▸ **Task**
Give the data again exactly as written, without any of its pictures.

Working data below:

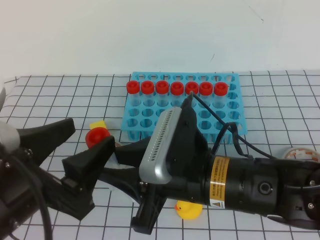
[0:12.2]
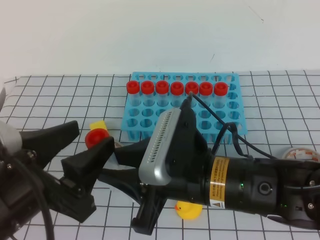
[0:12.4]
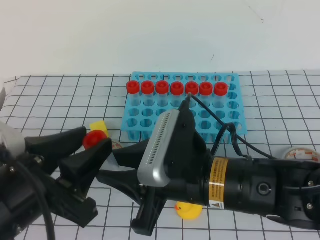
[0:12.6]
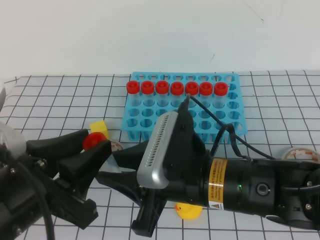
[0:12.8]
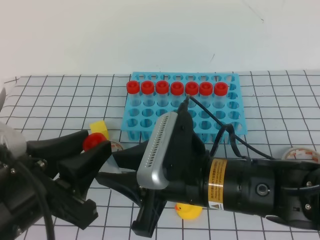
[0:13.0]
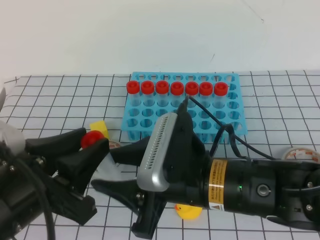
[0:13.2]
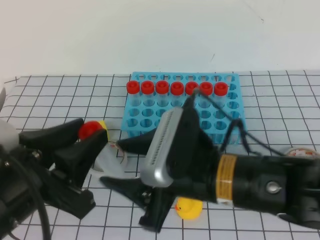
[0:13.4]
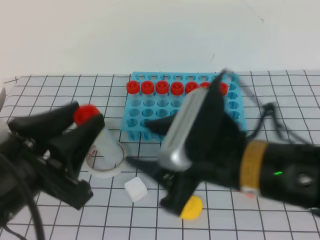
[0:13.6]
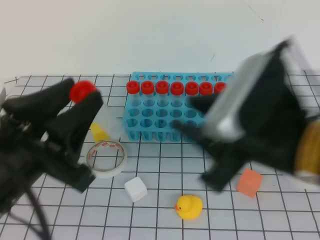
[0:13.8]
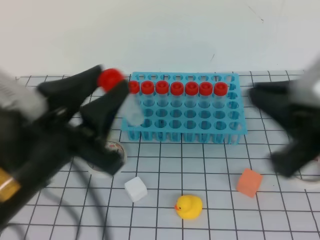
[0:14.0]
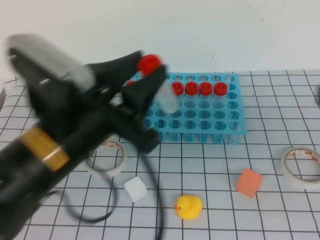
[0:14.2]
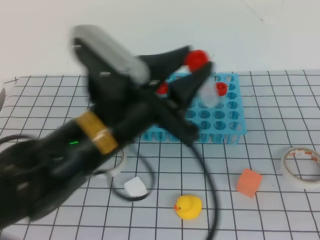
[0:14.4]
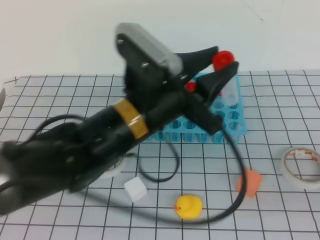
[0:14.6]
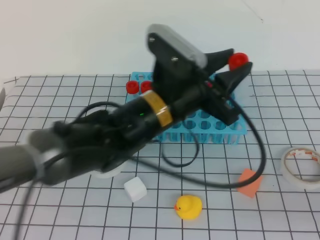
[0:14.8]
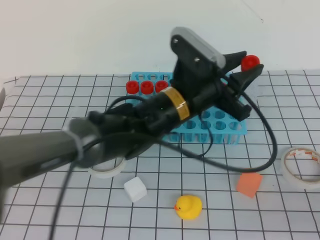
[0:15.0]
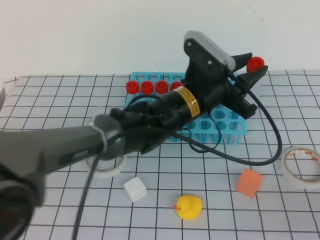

End of Working data.

▸ **The answer**
[0:12.2]
[0:12.4]
[0:12.6]
[0:12.8]
[0:13.0]
[0:13.2]
[0:13.4]
[0:13.6]
[0:13.8]
[0:14.0]
[0:14.2]
[0:14.4]
[0:14.6]
[0:14.8]
[0:15.0]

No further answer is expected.